Please set down only the lines running from the one with "5. movable object" through the last line of the entries, exactly as written and without any pictures.
○ ○ ○ ○
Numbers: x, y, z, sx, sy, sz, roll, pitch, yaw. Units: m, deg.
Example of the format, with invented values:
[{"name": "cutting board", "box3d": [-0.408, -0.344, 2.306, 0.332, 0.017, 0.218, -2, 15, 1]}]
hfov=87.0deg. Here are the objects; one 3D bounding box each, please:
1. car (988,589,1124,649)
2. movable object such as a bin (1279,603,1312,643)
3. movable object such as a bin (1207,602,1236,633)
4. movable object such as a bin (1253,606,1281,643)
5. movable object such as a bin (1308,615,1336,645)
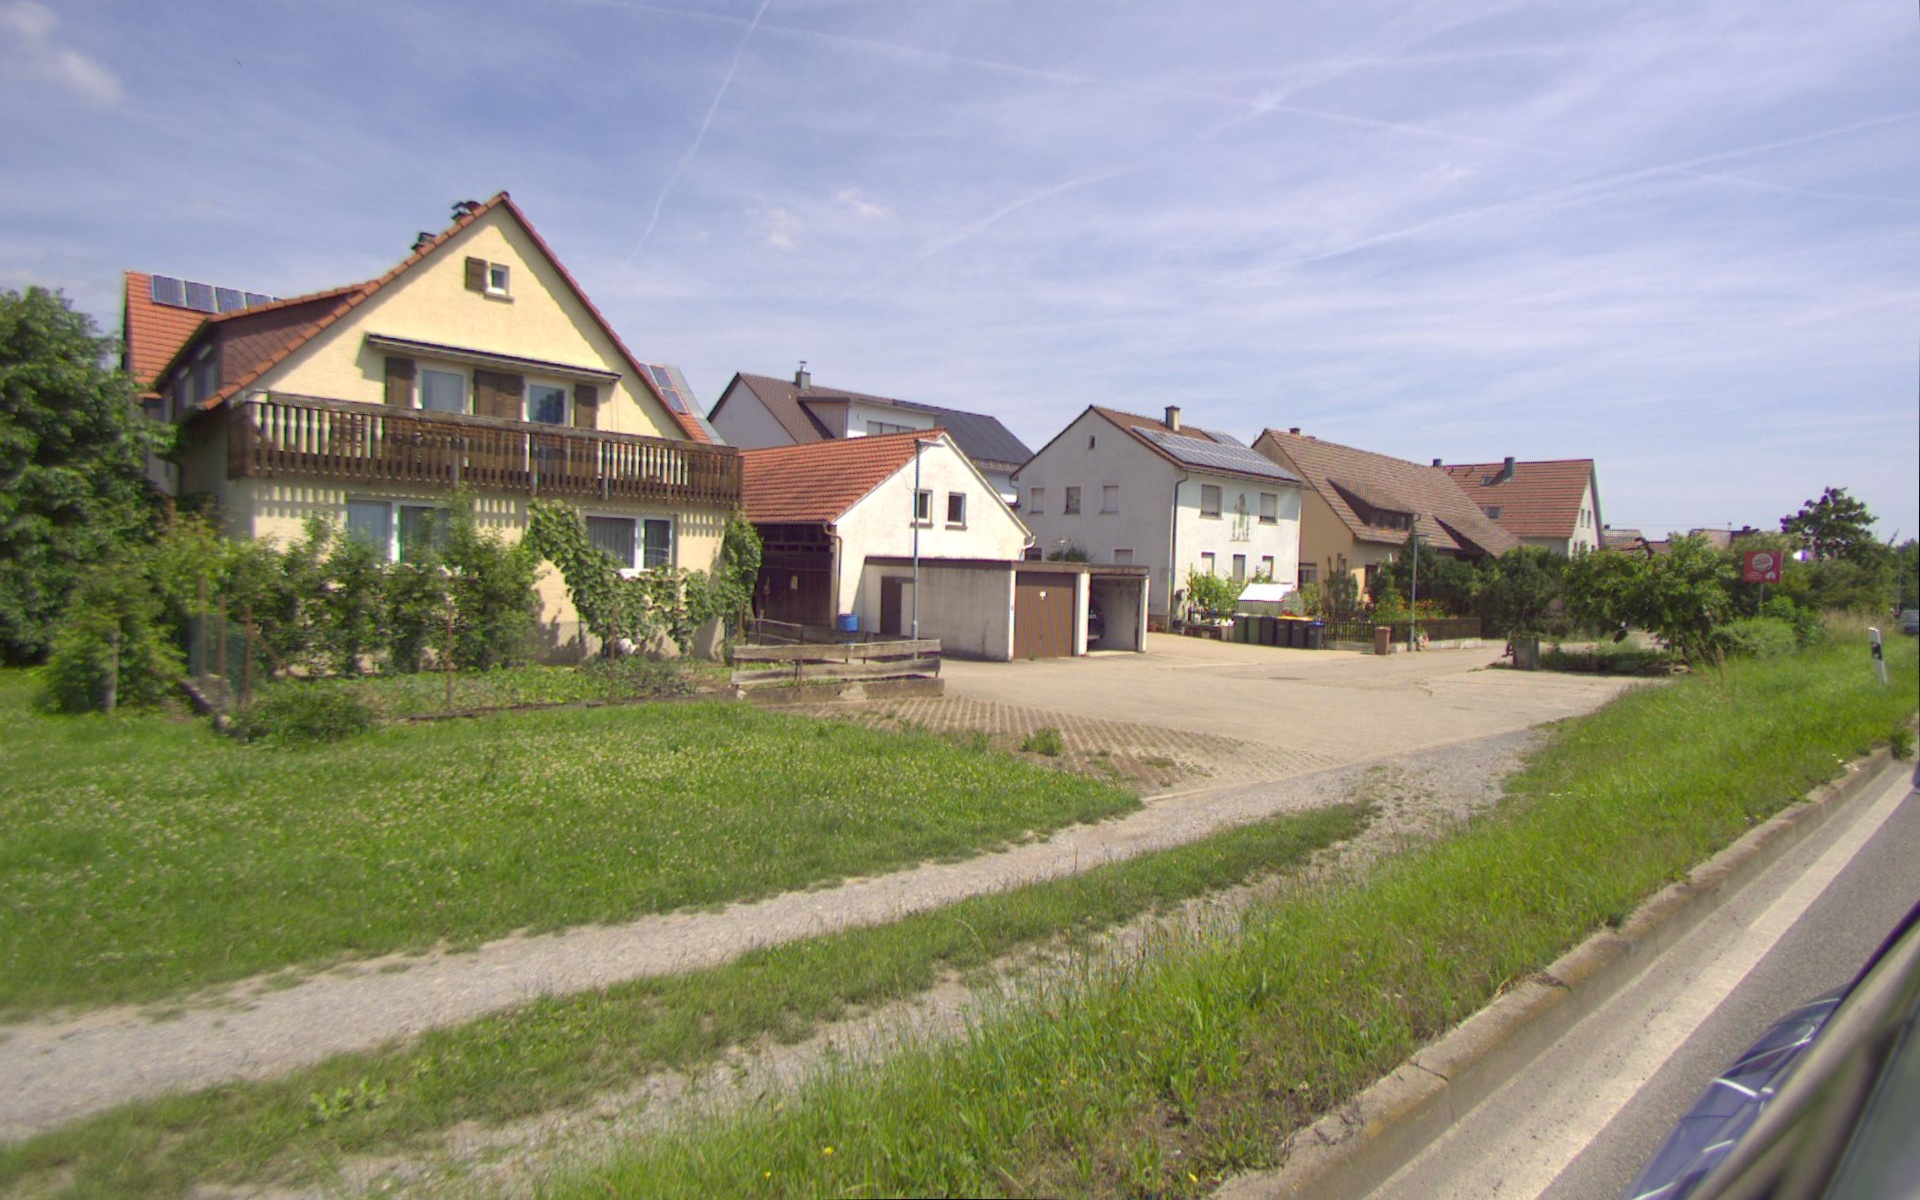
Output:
○ ○ ○ ○
> _WRITTEN RESPONSE_
5. movable object such as a bin (1308,615,1336,645)
Output:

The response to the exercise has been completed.